The Eight-and-Eight Rule

Most people go by the eight-and-eight rule to determine how much water to consume daily. In other words, drink eight 8-oz glasses (1.8 L) of water every day. Active people may need to drink more H2O.

An accurate calculation of how much water you need to drink can be determined using your body weight. Calculate how much water you should drink daily by dividing your weight in pounds by two. The resulting number is the ounces of water you need to consume daily. For example, if you weigh 150 lbs (68 kg), optimally you should drink 75 oz (2.2 L) of water daily.

Watch the Water if You have Edema

Be aware that drinking too much water can be dangerous in some medical conditions. Individuals with heart disease, high blood pressure, edema (swelling of the legs), and kidney problems should talk to their doctors before increasing their water intake.

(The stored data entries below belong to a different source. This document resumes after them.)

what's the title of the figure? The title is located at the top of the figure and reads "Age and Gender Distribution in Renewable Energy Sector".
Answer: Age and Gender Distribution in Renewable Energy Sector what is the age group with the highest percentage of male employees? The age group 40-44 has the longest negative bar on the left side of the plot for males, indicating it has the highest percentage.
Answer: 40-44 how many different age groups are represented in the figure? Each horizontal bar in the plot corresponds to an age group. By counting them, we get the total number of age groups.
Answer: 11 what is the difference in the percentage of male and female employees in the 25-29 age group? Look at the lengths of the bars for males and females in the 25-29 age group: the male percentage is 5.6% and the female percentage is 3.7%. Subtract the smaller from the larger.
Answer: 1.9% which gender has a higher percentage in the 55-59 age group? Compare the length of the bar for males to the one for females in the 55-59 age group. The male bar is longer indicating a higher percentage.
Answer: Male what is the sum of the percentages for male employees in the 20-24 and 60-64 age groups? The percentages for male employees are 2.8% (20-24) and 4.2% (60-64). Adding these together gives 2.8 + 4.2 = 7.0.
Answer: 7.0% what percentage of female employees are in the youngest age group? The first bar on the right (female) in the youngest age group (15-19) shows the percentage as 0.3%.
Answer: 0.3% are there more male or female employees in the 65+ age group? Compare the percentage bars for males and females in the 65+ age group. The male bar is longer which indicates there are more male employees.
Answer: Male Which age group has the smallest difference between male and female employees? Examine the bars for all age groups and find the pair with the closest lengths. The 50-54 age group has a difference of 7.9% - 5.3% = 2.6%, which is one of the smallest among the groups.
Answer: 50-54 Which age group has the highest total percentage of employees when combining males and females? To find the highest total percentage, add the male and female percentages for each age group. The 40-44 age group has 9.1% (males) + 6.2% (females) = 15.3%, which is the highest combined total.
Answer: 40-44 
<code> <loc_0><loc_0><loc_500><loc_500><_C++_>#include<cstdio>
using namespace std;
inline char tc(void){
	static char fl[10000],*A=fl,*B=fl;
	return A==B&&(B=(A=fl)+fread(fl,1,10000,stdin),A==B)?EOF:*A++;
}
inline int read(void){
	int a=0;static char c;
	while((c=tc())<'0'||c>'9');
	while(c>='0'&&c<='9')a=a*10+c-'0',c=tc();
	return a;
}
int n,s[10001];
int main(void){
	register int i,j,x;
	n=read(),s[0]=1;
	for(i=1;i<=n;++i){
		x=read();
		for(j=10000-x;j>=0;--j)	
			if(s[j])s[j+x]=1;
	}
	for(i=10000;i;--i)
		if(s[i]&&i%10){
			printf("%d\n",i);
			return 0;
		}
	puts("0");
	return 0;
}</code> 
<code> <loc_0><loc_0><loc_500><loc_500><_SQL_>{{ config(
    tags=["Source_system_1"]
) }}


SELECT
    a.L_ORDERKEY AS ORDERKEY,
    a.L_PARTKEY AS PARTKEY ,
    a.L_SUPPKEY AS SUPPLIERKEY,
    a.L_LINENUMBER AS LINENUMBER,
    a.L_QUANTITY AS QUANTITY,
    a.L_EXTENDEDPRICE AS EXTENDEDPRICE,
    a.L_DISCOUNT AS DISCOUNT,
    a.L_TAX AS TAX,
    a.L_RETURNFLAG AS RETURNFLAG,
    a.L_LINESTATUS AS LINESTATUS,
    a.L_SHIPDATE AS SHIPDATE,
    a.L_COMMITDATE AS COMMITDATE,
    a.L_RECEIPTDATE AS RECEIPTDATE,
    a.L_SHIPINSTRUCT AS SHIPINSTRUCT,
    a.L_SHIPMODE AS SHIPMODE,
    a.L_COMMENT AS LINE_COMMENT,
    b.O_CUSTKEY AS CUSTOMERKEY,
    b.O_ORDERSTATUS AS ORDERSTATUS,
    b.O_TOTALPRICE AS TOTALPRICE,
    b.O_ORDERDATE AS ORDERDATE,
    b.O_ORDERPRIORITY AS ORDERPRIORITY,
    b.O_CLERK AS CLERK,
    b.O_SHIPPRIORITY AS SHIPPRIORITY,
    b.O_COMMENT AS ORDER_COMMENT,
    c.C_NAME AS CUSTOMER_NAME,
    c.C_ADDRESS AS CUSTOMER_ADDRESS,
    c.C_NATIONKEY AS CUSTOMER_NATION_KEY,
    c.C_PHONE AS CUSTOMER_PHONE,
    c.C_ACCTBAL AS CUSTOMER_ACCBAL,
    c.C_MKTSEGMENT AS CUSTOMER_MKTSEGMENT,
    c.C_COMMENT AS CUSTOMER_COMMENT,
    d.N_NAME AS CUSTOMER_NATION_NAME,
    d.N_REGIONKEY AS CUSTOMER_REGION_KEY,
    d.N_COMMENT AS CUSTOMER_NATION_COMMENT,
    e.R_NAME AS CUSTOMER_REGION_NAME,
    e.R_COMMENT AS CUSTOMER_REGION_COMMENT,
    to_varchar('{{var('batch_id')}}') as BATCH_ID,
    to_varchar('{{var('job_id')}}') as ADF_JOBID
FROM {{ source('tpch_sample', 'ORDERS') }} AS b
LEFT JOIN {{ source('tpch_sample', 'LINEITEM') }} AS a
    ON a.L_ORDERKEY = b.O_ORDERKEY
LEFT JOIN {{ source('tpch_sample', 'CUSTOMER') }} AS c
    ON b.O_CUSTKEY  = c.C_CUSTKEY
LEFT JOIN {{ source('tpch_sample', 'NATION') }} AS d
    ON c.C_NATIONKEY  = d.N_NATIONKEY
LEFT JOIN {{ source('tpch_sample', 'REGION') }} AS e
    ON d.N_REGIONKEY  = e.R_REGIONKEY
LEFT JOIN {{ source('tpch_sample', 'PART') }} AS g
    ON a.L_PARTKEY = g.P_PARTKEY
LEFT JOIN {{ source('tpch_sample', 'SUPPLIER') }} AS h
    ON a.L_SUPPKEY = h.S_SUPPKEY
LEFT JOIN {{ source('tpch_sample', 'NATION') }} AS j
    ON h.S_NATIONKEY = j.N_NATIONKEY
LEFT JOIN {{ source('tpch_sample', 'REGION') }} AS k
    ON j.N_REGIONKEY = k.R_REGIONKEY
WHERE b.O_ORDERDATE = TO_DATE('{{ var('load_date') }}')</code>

I am a firm believer that a significant amount of the health complaints we are witnessing today are intimately linked with chronic dehydration. To make sure you have healthy hydration, includewater-laden foods and beverages in your daily diet.

Alternate Water Sources

If you would rather drink anything but water, here are other ways to stay hydrated:

  • Eat water-filled foods such as melons, celery, bok choy, and soup broths. Watermelon is 92 percent water.
  • Squeeze fresh lemon or lime juice into your water to enhance the taste. Keep a container of sliced lemon and lime wedges in your fridge and pop one into each glass of water you drink.
  • Watch your intake of dehydrating beverages such as coffee and black tea. For every cup of coffee or tea you drink, drink an extra glass of water.
  • Opt for herbal teas during the winter. From strawberry and peach to mint and white tea, these delicious options will keep you warm.
  • Consider investing in a home water-purifying system. The more available water is to you, the more you will drink it.

Why the Elderly Need More Water

More than one in three older adults may not drink enough water and are at risk for dehydration, according to results from the US National Health and Nutrition Examination Survey. Causes are loss of thirst sensation with age and diminished kidney function. The elderly also have lower levels of water in the body. That’s because water usually makes up 65 to 75 percent of muscle weight, but as muscle mass atrophies with age and underuse, levels of body water drop. To avoid dehydration, include herbal teas, water with lemon, and hydrating foods in your daily diet and limit intake of salt, coffee, and pop.